分组形状包含其自己的形状集合。共享的 enumerate_shapes 帮助方法具有 include_grouped_shapes 选项。当您想检查 GroupShape 对象内部的形状时,请将其设为 True。下面的示例从图片框、填充图片的形状、OLE 对象预览、视频帧缩略图和音频帧缩略图中提取图像。若还要包括表格、图表、SmartArt 和摘要缩放图像,请重复使用前面章节中的专用提取逻辑,同时保持相同的递归形状遍历。

input_path = "sample.pptx"
output_directory = Path.cwd() / "all-shape-images"
output_directory.mkdir(parents=True, exist_ok=True)

saved_image_hashes = set()

with slides.Presentation(input_path) as presentation:
    for slide in presentation.slides:
        slide_prefix = f"slide_{slide.slide_number}"
        for shape, name_part in enumerate_shapes(
                slide.shapes,
                slide_prefix,
                include_grouped_shapes=True):
            if isinstance(shape, slides.OleObjectFrame):
                image = shape.substitute_picture_format.picture.image
                if image is not None:
                    file_name_base = f"{name_part}_ole_preview"
                    save_original_image(image, output_directory, file_name_base, saved_image_hashes)

                continue

            if isinstance(shape, slides.VideoFrame):
                image = shape.picture_format.picture.image
                if image is not None:
                    file_name_base = f"{name_part}_video_preview"
                    save_original_image(image, output_directory, file_name_base, saved_image_hashes)

                continue

            if isinstance(shape, slides.AudioFrame):
                image = shape.picture_format.picture.image
                if image is not None:
                    file_name_base = f"{name_part}_audio_preview"
                    save_original_image(image, output_directory, file_name_base, saved_image_hashes)

                continue

            if type(shape) is slides.PictureFrame:
                image = shape.picture_format.picture.image
                save_original_image(image, output_directory, name_part, saved_image_hashes)
                continue

            if isinstance(shape, slides.AutoShape):
                image = get_picture_fill_image(shape.fill_format)
                if image is not None:
                    save_original_image(image, output_directory, name_part, saved_image_hashes)

边缘情况和实用说明

  • 重复图像: 多个形状可能引用相同的图像,或不同的图像具有相同的字节。
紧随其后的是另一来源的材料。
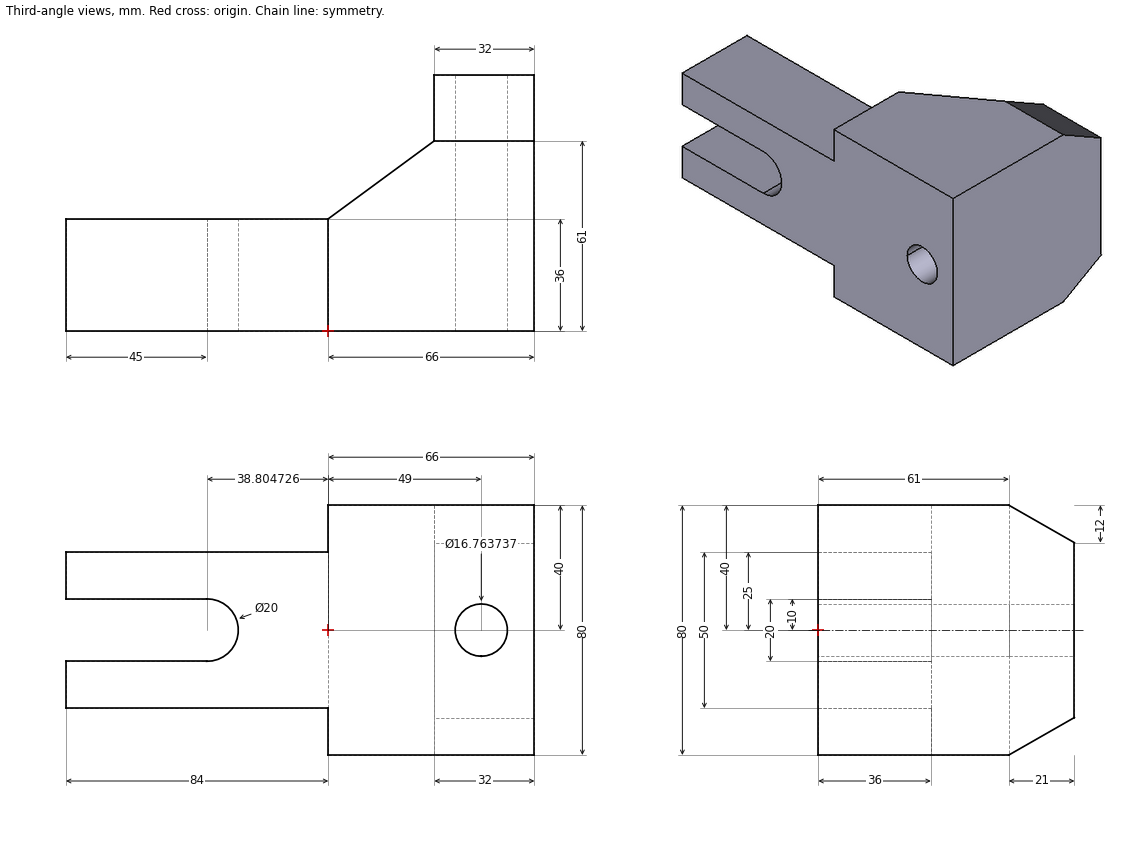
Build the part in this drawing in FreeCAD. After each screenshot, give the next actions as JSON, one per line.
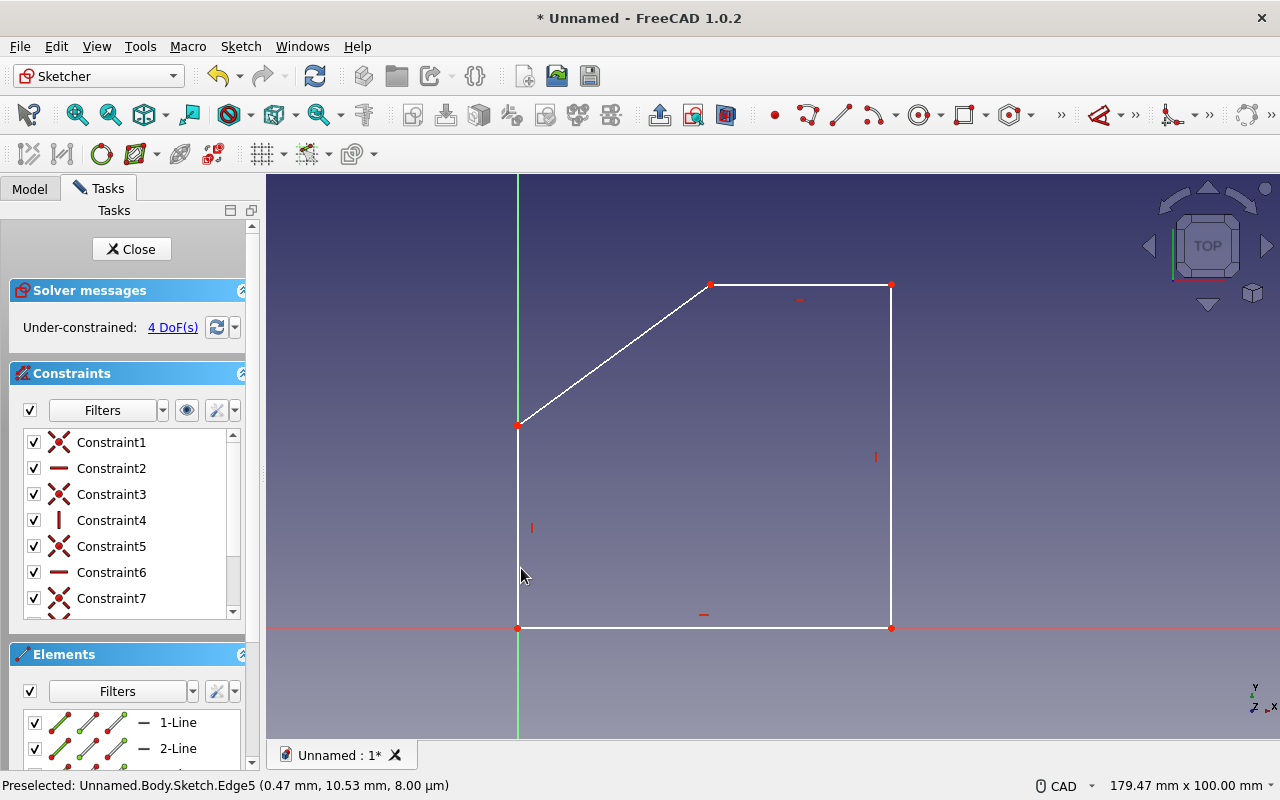
{"action": "key", "text": "d"}

在写入文件之前对 PPImagebinary_data 属性进行哈希,如果您希望每个唯一图像只产出一个文件。
  • 原始数据与转换后输出: 保存 PPImagebinary_data 属性可保留嵌入的 JPEG、PNG、GIF、SVG、EMF 或 WMF 数据。通过 save 保存 image 属性在您希望得到统一输出格式时很有用。
  • 不支持的填充类型: 实心、渐变、图案和无填充的形状不包含图片填充。在读取 picture_fill_format 之前请检查 FillType
  • 分组形状: 幻灯片顶层形状集合不会展开分组。当分组内容重要时,请递归检查 GroupShape.shapes
  • OLE 对象预览: OleObjectFrame 可能通过 substitute_picture_format 暴露预览图像,但该图像仅为幻灯片预览,并非 OLE 对象内部的嵌入文件。
  • 视频帧缩略图: VideoFrame 可能通过 picture_format 暴露预览图像,但该图像仅为幻灯片上显示的海报,并非从视频流中提取。
  • 音频帧缩略图: AudioFrame 可能通过 picture_format 暴露图标或缩略图;这并非嵌入的音频数据。
  • 缩放图像: 幻灯片缩放、章节缩放和摘要缩放形状可能通过 image 使用自定义的 PPImage 对象。
  • 嵌套形状模型: 表格、图表和 SmartArt 对象实现了 Shape,但它们的图像通常存储在嵌套的表格单元格、图表元素或 SmartArt 节点格式对象中。
  • 裁剪或变换的图片: 访问 PPImage 可获得存储的图像资源。它不会渲染形状所应用的裁剪、透明度、重新着色、旋转或其他视觉效果。

常见问题

我能提取未裁剪、未应用效果或形状变换的原始图像吗?

可以。访问 PPImage 对象并将其 binary_data 属性写入磁盘。这会保留演示文稿中存储的原始编码图像,而不是图像在幻灯片上的渲染方式。

我能将所有提取的图像导出为 PNG 吗?

可以。使用 PPImageimage 属性获取图像对象,然后使用 ImageFormat.PNG 调用 save。这会转换输出,但可能不保留原始文件类型或矢量数据。

我如何避免多次保存相同的图像?

PPImagebinary_data 属性进行哈希,并将哈希值保存在集合中。如果新图像的哈希已经存在,则跳过或记录对已有输出文件的另一个引用。

为什么某些形状不产生图像?

图片框、填充图片的形状、OLE 对象框、媒体框、缩放框、表格、图表和 SmartArt 对象可以引用图像。某些形状类型通过嵌套的格式对象暴露图像,因此仅检查 picture_format 或形状的 fill_format 并不总是足够。

我能提取视频帧显示的缩略图吗?

可以。使用 VideoFrame 并读取 picture_format.picture.image。这会提取随视频帧存储的海报图像,而不是从视频文件生成的帧。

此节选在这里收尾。